* WHAT YOU WILL DO:
Please output exactly the part of the records below that opens with the line containing "# Copyright (c)" and closes with the line containing "should run the tests.", both lines included, and nothing else.

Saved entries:
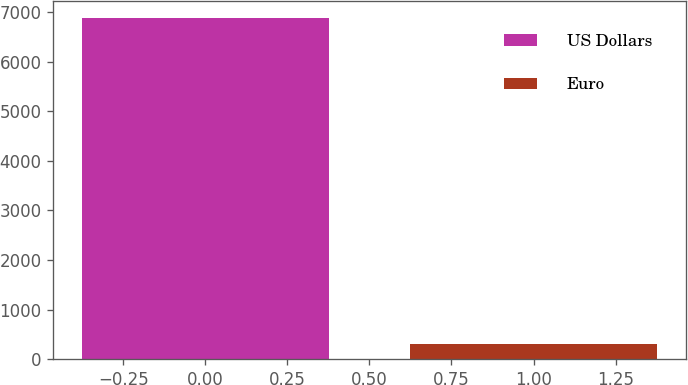<chart> <loc_0><loc_0><loc_500><loc_500><bar_chart><fcel>US Dollars<fcel>Euro<nl><fcel>6891<fcel>305<nl></chart> 
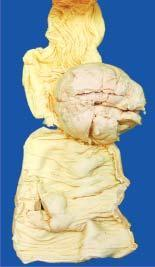what is seen projecting into lumen while the covering mucosa is ulcerated?
Answer the question using a single word or phrase. Polypoid growth 
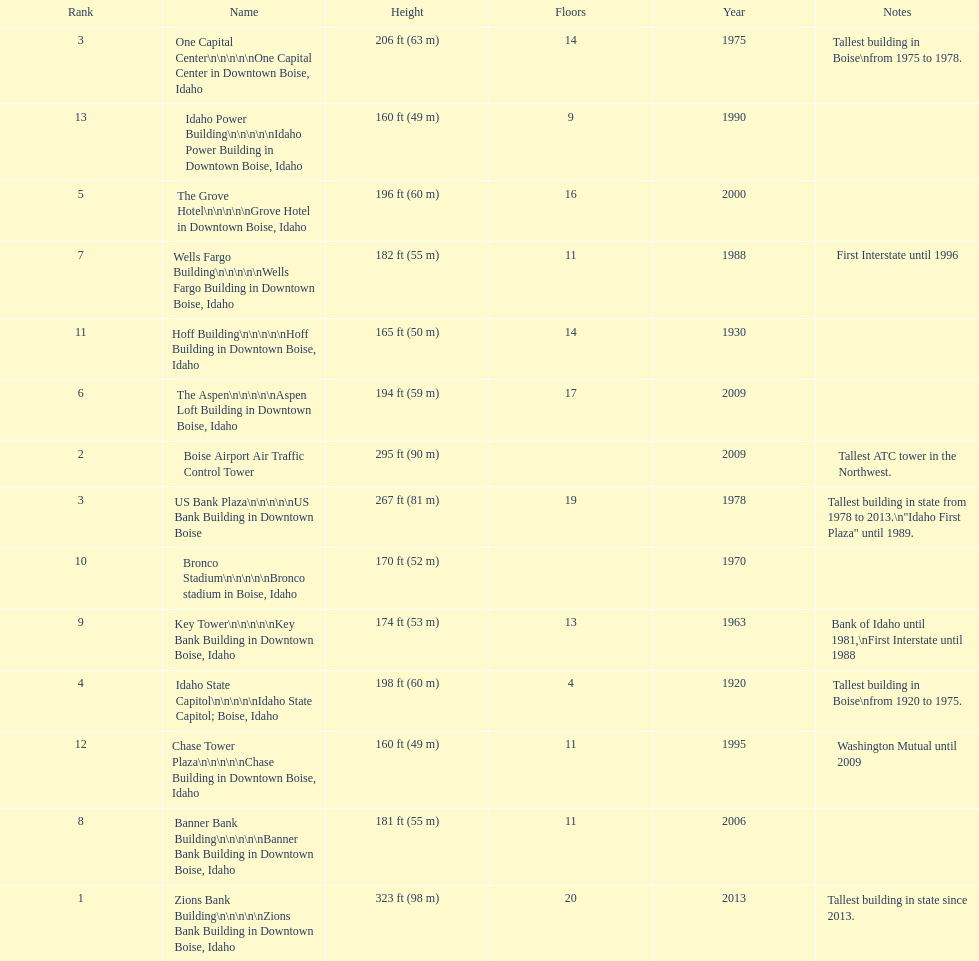What is the name of the last building on this chart? Idaho Power Building. 
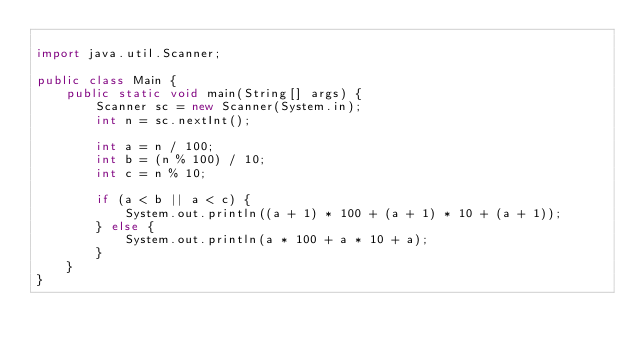Convert code to text. <code><loc_0><loc_0><loc_500><loc_500><_Java_>
import java.util.Scanner;

public class Main {
    public static void main(String[] args) {
        Scanner sc = new Scanner(System.in);
        int n = sc.nextInt();

        int a = n / 100;
        int b = (n % 100) / 10;
        int c = n % 10;

        if (a < b || a < c) {
            System.out.println((a + 1) * 100 + (a + 1) * 10 + (a + 1));
        } else {
            System.out.println(a * 100 + a * 10 + a);
        }
    }
}






</code> 
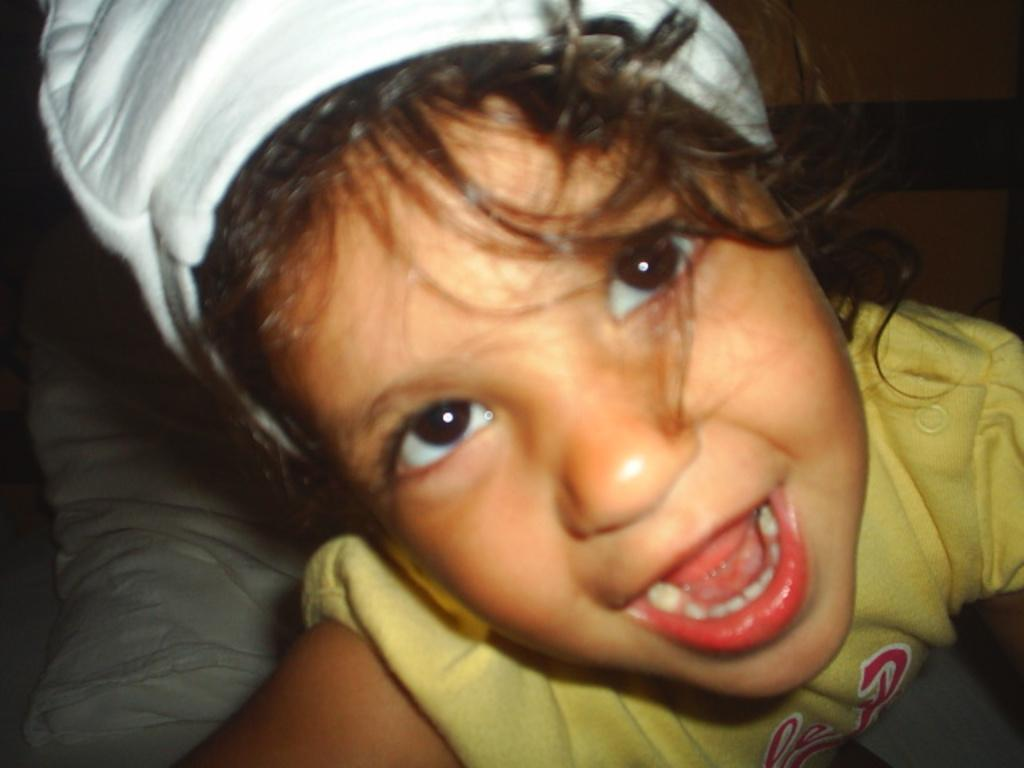What is the main subject of the image? The main subject of the image is a kid. What is the kid wearing on their upper body? The kid is wearing a yellow shirt. What type of headwear is the kid wearing? The kid is wearing a cap. What object can be seen behind the kid? There is a pillow behind the kid. What type of anger can be seen on the kid's face in the image? There is no indication of anger on the kid's face in the image. Can you describe the zephyr blowing through the room in the image? There is no mention of a zephyr or any wind in the image; it is a still image. 
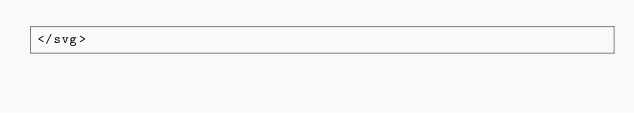Convert code to text. <code><loc_0><loc_0><loc_500><loc_500><_XML_></svg>
</code> 
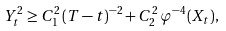Convert formula to latex. <formula><loc_0><loc_0><loc_500><loc_500>Y _ { t } ^ { 2 } \geq C _ { 1 } ^ { 2 } \, ( T - t ) ^ { - 2 } + C _ { 2 } ^ { 2 } \, \varphi ^ { - 4 } ( X _ { t } ) ,</formula> 
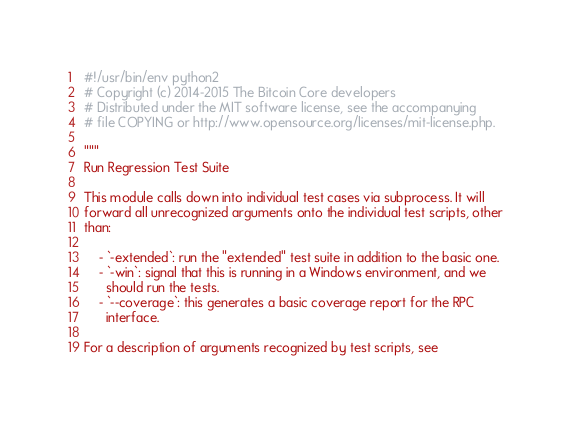<code> <loc_0><loc_0><loc_500><loc_500><_Python_>#!/usr/bin/env python2
# Copyright (c) 2014-2015 The Bitcoin Core developers
# Distributed under the MIT software license, see the accompanying
# file COPYING or http://www.opensource.org/licenses/mit-license.php.

"""
Run Regression Test Suite

This module calls down into individual test cases via subprocess. It will
forward all unrecognized arguments onto the individual test scripts, other
than:

    - `-extended`: run the "extended" test suite in addition to the basic one.
    - `-win`: signal that this is running in a Windows environment, and we
      should run the tests.
    - `--coverage`: this generates a basic coverage report for the RPC
      interface.

For a description of arguments recognized by test scripts, see</code> 
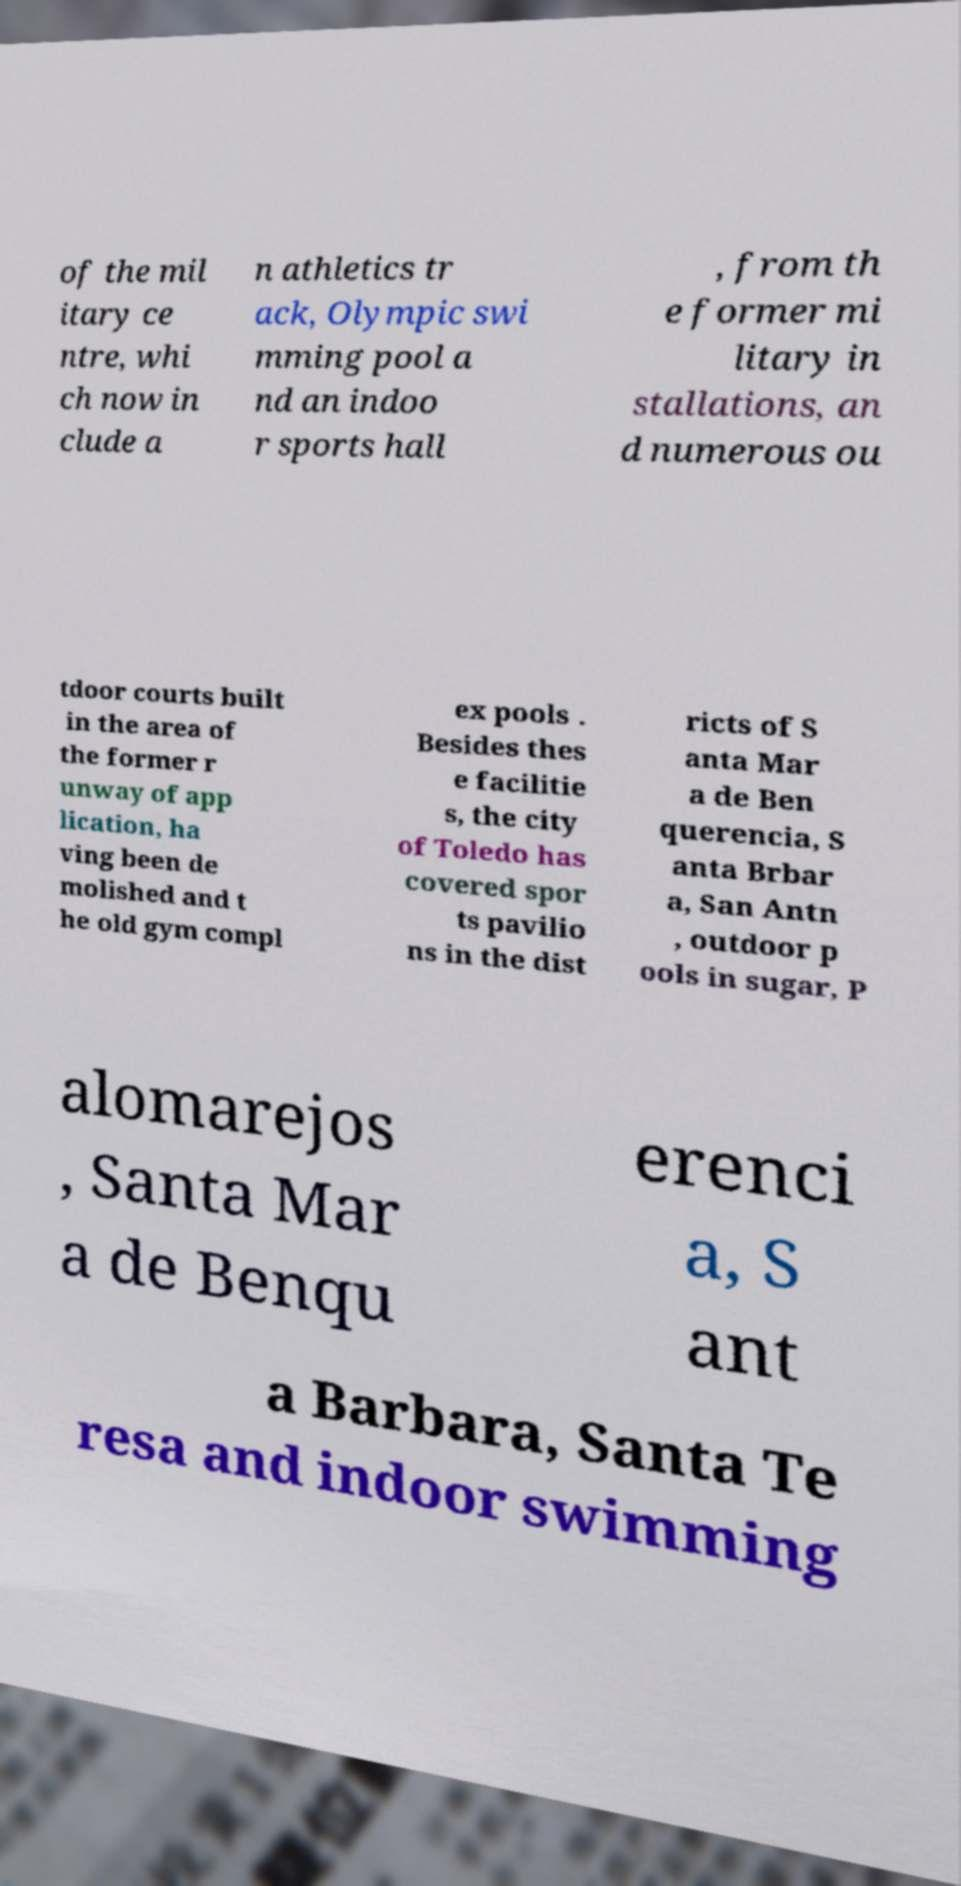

* RESULT BELOW:
# Copyright (c) 2014-2015 The Bitcoin Core developers
# Distributed under the MIT software license, see the accompanying
# file COPYING or http://www.opensource.org/licenses/mit-license.php.

"""
Run Regression Test Suite

This module calls down into individual test cases via subprocess. It will
forward all unrecognized arguments onto the individual test scripts, other
than:

    - `-extended`: run the "extended" test suite in addition to the basic one.
    - `-win`: signal that this is running in a Windows environment, and we
      should run the tests.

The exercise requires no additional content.